На этой вечеринке вероятность случайно обидеть кого-то равнялась бесконечности. Анна никого не знала и жаждала всем понравиться. Когда с ней заговаривали, девушка так долго анализировала свой предстоящий ответ, что в результате никакого ответа не следовало и разговор заходил в тупик. Анна видела, что друзья Ричарда полагают, будто она туповата или заторможена. Он тоже не решился пригласить тех, кто знал его – или его жену, – очень хорошо. Это были какие-то коллеги с работы или просто знакомые, с которыми он не часто встречался.
Анна старалась, насколько это возможно, находиться с Ричардом рядом, пока тот разговаривал с друзьями. Он вовлекал девушку в разговор, адресуя ей свои комментарии, но при этом не заставляя принимать в беседе слишком активное участие.
Анна мечтала, чтобы здесь оказалась Наташа. Ей нужна была опора, с подругой она смогла бы расслабиться, посмеяться, чтобы все наконец увидели, какая она была занятная, веселая и живая. Тогда станет понятно, почему Ричард ею увлекся.
Анна заметила, как некая женщина постоянно следует за Ричардом, когда ее нет рядом, и заговаривает с ним, даже если ей приходится прервать чей-то диалог. Не могло быть никаких сомнений – это читалось в ее поведении, по глазам и улыбке: Ричард ее привлекает.

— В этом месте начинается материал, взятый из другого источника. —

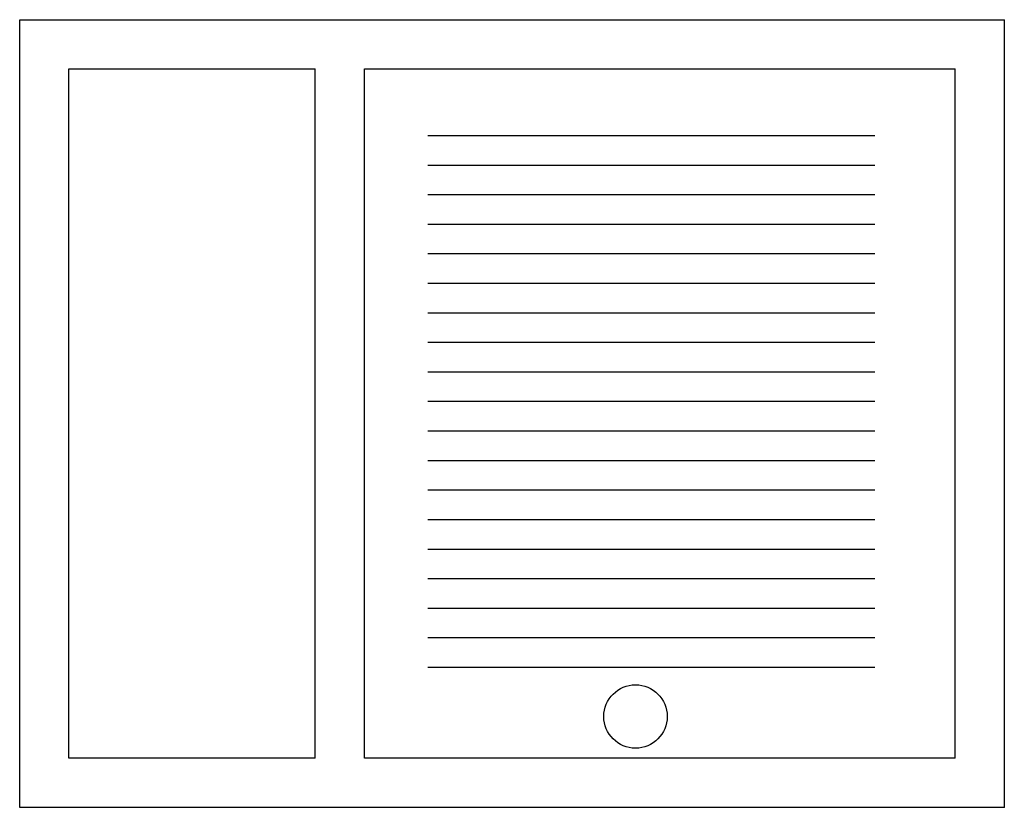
# Model space of a CAD drawing. Extents: x 3.75 to 4.75, y 15.15 to 15.95.
import ezdxf

# ---------------------------------------------------------------- set-up
doc = ezdxf.new("R2010")
doc.units = 0
doc.header["$MEASUREMENT"] = 0
doc.layers.get('0').update_dxf_attribs({"color": 1, "linetype": 'CONTINUOUS'})

msp = doc.modelspace()

# ---------------------------------------------------------------- linework, layer by layer
at = {"linetype": 'Continuous'}
for p, q in [((3.7466, 15.1491), (3.7466, 15.9491)), ((3.7466, 15.9491), (4.7466, 15.9491)), ((4.7466, 15.1491), (4.7466, 15.9491)), ((3.7966, 15.8991), (4.0466, 15.8991)), ((3.7966, 15.1991), (3.7966, 15.8991)), ((4.0466, 15.1991), (4.0466, 15.8991)), ((4.0966, 15.8991), (4.6966, 15.8991)), ((4.0966, 15.1991), (4.0966, 15.8991)), ((4.6966, 15.1991), (4.6966, 15.8991)), ((4.161, 15.8315), (4.6151, 15.8315)), ((4.161, 15.8015), (4.6151, 15.8015)), ((4.161, 15.7715), (4.6151, 15.7715)), ((4.161, 15.7415), (4.6151, 15.7415)), ((4.161, 15.7115), (4.6151, 15.7115)), ((4.161, 15.6815), (4.6151, 15.6815)), ((4.161, 15.6515), (4.6151, 15.6515)), ((4.161, 15.6215), (4.6151, 15.6215)), ((4.161, 15.5915), (4.6151, 15.5915)), ((4.161, 15.5615), (4.6151, 15.5615)), ((4.161, 15.5315), (4.6151, 15.5315)), ((4.161, 15.5015), (4.6151, 15.5015)), ((4.161, 15.4715), (4.6151, 15.4715)), ((4.161, 15.4415), (4.6151, 15.4415)), ((4.161, 15.4115), (4.6151, 15.4115)), ((4.161, 15.3815), (4.6151, 15.3815)), ((4.161, 15.3515), (4.6151, 15.3515)), ((4.161, 15.3215), (4.6151, 15.3215)), ((4.161, 15.2915), (4.6151, 15.2915)), ((4.0466, 15.1991), (3.7966, 15.1991)), ((4.6966, 15.1991), (4.0966, 15.1991)), ((4.7466, 15.1491), (3.7466, 15.1491))]:
    msp.add_line(p, q, dxfattribs=at)
msp.add_circle((4.372, 15.2414), 0.0322, dxfattribs=at)

doc.saveas('drawing.dxf')

Инстинктивно Анне захотелось напасть на соперницу. Начать с удара, потом протащить ее по комнате за волосы. Подавить этот инстинкт было еще сложнее, чем следить за своей речью. Но она опасалась, что грубое насилие отвратит от нее Ричарда. Она отломила кусок крекера, покрытого розовым кремом, тепловатым и с неясным рыбным привкусом. Ее чуть не стошнило. Пожалуй, это привлекло бы внимание.
Вечеринка подняла чувства Ричарда к Анне на новый уровень. У него была возможность сравнивать ее с другими женщинами, которых он знал. Никто из них и близко с Анной не стоял. Все они тратили свою энергию на то, чтобы произвести впечатление, и в результате не могли внести ничего стоящего в разговор. Они были рады не иметь собственного мнения и счастливы, что никто не обращал внимания, если они его вдруг все же высказывали. Они так боялись выглядеть старше своих лет и казаться некрасивыми, что каждый взгляд в зеркало подогревал их манию, утрируя недостатки, которые остальные едва ли замечали.